Не существует никакой особой Способности Воображения, занимающейся исключительно иллюзорными образами и звучаниями. Напротив, «видение» предметов является одним из проявлений воображения, рычание по-медвежьи — другим; мысленное обоняние запахов — не столь уж обычный акт фантазии, а симуляция болезни — самое обычное дело и т. д. Возможно, что главным мотивом, исходя из которого многие теоретики ограничивали проявление воображения особым классом иллюзорных восприятий, было следующее предположение: поскольку сознание официально подразделялось на три сферы — когнитивную, волевую и эмоциональную, — а воображение относили к первой из них, то его следовало поэтому исключить из двух остальных. Общеизвестно, что ошибки в познании происходят из-за недисциплинированного Воображения, а некоторые его победы — благодаря его более примерной деятельности. Итак, будучи (сумасбродным) оруженосцем Разума, оно не может служить другим хозяевам. Но не стоит делать остановку и обсуждать эту феодальную аллегорию. В самом деле, если нас спрашивают, относится ли процесс воображения к познавательной или к непознавательной деятельности, то мы вправе игнорировать этот вопрос. Понятие «познавательный» относится к словарю экзаменационных билетов.
(5) Притворство
Начнем с обсуждения понятия притворства, отчасти конститутивного для таких понятий, как мошенничество, исполнение роли, игра в медведя, симуляция болезни и ипохондрия. Отметим, что существуют такие случаи выдумки, при которых притворщик умышленно симулирует или лицемерит, в других случаях он может сам не знать, в какой степени он симулирует или лицемерит. А есть случаи, когда он целиком находится в плену у собственной выдумки.
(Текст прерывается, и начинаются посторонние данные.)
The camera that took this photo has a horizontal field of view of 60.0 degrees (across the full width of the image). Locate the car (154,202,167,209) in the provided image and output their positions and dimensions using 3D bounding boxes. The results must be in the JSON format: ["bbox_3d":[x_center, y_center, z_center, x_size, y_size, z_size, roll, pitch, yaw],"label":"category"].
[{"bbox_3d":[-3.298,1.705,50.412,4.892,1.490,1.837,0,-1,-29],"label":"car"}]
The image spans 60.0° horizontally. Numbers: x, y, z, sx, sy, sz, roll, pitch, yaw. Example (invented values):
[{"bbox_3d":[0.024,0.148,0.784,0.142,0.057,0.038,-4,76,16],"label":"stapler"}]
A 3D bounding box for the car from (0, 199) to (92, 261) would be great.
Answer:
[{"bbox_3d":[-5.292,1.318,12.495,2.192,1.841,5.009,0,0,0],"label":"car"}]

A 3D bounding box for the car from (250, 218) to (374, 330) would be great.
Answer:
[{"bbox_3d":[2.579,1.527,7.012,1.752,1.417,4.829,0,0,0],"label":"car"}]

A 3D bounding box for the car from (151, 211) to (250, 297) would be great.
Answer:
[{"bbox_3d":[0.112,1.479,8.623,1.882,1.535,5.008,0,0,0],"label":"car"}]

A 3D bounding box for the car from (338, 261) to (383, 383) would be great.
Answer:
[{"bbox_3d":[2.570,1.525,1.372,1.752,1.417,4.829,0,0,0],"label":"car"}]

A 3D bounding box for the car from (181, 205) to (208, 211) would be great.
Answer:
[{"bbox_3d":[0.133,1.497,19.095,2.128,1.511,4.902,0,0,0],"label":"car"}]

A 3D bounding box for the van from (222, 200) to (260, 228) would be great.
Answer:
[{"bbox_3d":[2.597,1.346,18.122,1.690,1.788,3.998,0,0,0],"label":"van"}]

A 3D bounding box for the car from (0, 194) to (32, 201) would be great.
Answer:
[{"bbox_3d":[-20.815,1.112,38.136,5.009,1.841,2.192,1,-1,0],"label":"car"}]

В уменьшенном масштабе иллюстрацией здесь может служить ребенок, играющий в медведя: он знает, если находится в ярко освещенной гостиной, что он всего-навсего играет в забавную игру, но он же испытает смутное беспокойство, выйдя на пустую лестничную площадку, и не сможет почувствовать себя в безопасности в темном коридоре. Притворство допускает все степени скептицизма и доверчивости, что является обстоятельством, напрямую относящимся к поставленной проблеме: «Как может человек воображать, что он видит нечто, не понимая при этом, что он ничего не видит?» Но если мы поставим аналогичные вопросы: «Как ребенок может изображать из себя медведя, временами не осознавая, что это всего лишь игра? Как может симулянт воображать себе симптомы болезни, не отдавая себе полностью отчета, что это всего лишь его фантазии?» — то увидим, что эти и множество других вопросов подобного рода вообще не являются подлинными «как-вопросами». Тот факт, что люди могут воображать, будто они что-то видят, будто за ними гонится медведь или что у них шалит аппендикс, не сознавая, что это всего лишь их выдумка, — это просто следствие того привычного и общего факта, что далеко не все люди не во всякое время, не во всяком возрасте и не при всех обстоятельствах могут быть столь здравомыслящими и критичными, как того бы хотелось.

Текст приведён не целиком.